In our investigation 26 herds were sampled with 20 positives, that means 77% of sheep herds in this region have at least one ewes infected by M. agalactiae that may cause clinical contagious agalactiae and rapidly infect most of ewes in that herd.
The predominance of Mycoplasma agalactiae in sheep flocks of this province
in present study corroborates the observations of Martin et al. (2001).

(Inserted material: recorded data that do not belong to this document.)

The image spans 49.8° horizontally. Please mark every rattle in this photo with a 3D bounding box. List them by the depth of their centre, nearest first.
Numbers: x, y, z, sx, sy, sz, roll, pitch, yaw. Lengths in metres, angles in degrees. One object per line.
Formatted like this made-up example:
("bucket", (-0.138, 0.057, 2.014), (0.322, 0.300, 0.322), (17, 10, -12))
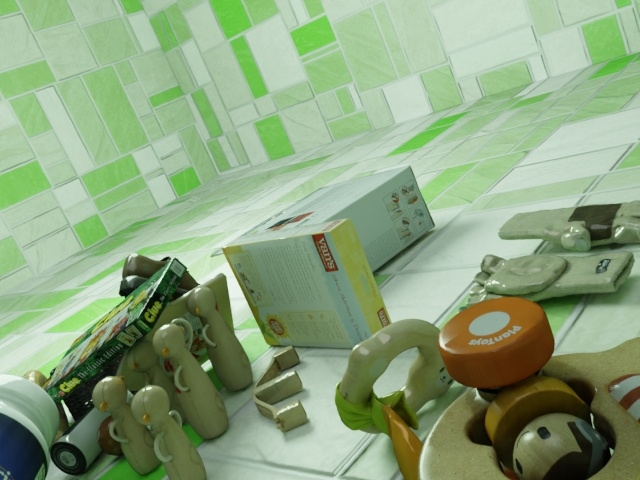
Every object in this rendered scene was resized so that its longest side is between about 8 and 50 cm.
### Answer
("rattle", (0.125, 0.142, 0.664), (0.200, 0.130, 0.143), (-1, 10, -37))

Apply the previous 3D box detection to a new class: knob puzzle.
("knob puzzle", (-0.215, 0.144, 0.995), (0.213, 0.213, 0.030), (-31, 57, -29))

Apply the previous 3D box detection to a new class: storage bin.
("storage bin", (-0.328, 0.209, 1.108), (0.180, 0.084, 0.122), (-29, 15, -22))

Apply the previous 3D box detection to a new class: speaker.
("speaker", (-0.310, 0.259, 0.953), (0.055, 0.055, 0.136), (-18, 15, 21))

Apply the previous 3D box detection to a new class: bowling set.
("bowling set", (-0.218, 0.191, 0.850), (0.200, 0.154, 0.287), (-21, 14, 11))

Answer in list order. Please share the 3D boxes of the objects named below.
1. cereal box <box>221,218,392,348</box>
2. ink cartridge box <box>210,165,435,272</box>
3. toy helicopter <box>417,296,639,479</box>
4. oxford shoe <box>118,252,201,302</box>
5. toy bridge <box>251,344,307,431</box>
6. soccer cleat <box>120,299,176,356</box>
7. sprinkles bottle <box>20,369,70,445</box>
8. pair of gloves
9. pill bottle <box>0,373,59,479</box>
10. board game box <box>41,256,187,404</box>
("cereal box", (-0.022, 0.066, 0.958), (0.240, 0.172, 0.047), (-7, 21, 47))
("ink cartridge box", (0.000, 0.000, 1.251), (0.309, 0.130, 0.272), (-33, 15, -35))
("toy helicopter", (0.226, 0.130, 0.413), (0.355, 0.140, 0.235), (-13, 19, 27))
("oxford shoe", (-0.258, 0.076, 1.263), (0.083, 0.227, 0.096), (-23, 57, 33))
("toy bridge", (-0.054, 0.187, 0.863), (0.063, 0.026, 0.188), (-26, 14, 2))
("soccer cleat", (-0.272, 0.152, 1.245), (0.248, 0.083, 0.095), (-20, 5, 18))
("sprinkles bottle", (-0.552, 0.318, 0.989), (0.356, 0.121, 0.121), (-26, 14, -12))
("pair of gloves", (0.310, 0.014, 0.885), (0.204, 0.042, 0.240), (-7, 23, 39))
("pill bottle", (-0.398, 0.276, 0.767), (0.153, 0.153, 0.264), (-21, 23, 10))
("board game box", (-0.292, 0.132, 0.950), (0.260, 0.030, 0.136), (-37, 18, 28))
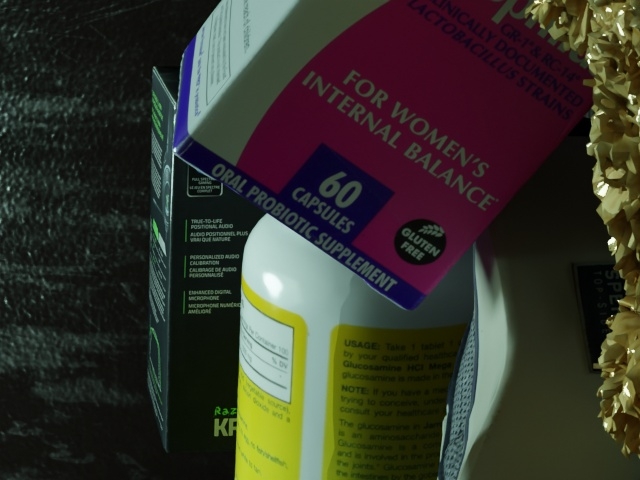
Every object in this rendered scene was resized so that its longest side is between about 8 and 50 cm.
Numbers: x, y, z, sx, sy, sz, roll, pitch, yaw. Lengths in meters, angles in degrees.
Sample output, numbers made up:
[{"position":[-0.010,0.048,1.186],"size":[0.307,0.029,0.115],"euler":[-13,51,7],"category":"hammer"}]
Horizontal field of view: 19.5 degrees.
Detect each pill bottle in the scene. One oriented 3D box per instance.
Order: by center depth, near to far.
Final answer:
[{"position":[0.039,0.081,1.235],"size":[0.188,0.187,0.334],"euler":[-94,7,-69],"category":"pill bottle"}]

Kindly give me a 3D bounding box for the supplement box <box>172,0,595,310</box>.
[{"position":[0.054,-0.102,0.677],"size":[0.220,0.111,0.114],"euler":[-51,17,19],"category":"supplement box"}]

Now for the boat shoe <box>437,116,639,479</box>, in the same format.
[{"position":[0.104,0.109,0.661],"size":[0.340,0.127,0.158],"euler":[-78,-13,-52],"category":"boat shoe"}]

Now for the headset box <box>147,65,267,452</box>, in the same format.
[{"position":[0.000,0.000,1.381],"size":[0.131,0.246,0.283],"euler":[-125,37,-69],"category":"headset box"}]

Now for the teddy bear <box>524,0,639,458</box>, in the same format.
[{"position":[0.112,-0.070,0.482],"size":[0.245,0.113,0.338],"euler":[-96,7,-58],"category":"teddy bear"}]

These authors have reported at least one positive animal was detected in 89.4%
of the herds.
| Table 1: | Distribution of Mycoplasma agalactiae in conjunctival and milk samples, age groups and districts of Chahar Mahal Province |
| Table 2: | Distribution of Mycoplasma agalactiae in conjunctival and milk samples of pregnant groups of ewes in Chahar Mahal Province |
It further shows that the total prevalence of 19.8% carriers in ewes of the province may suggest evidence of previous or recent infection. The results of our study confirmed that Chahar Mahal herds have currently about 20% infection rate for contagious agalactiae of sheep and at the same time, provided the first information on the presence of M. agalactiae, a pathogen causing contagious agalactiae of sheep and goats, in West central, Iran.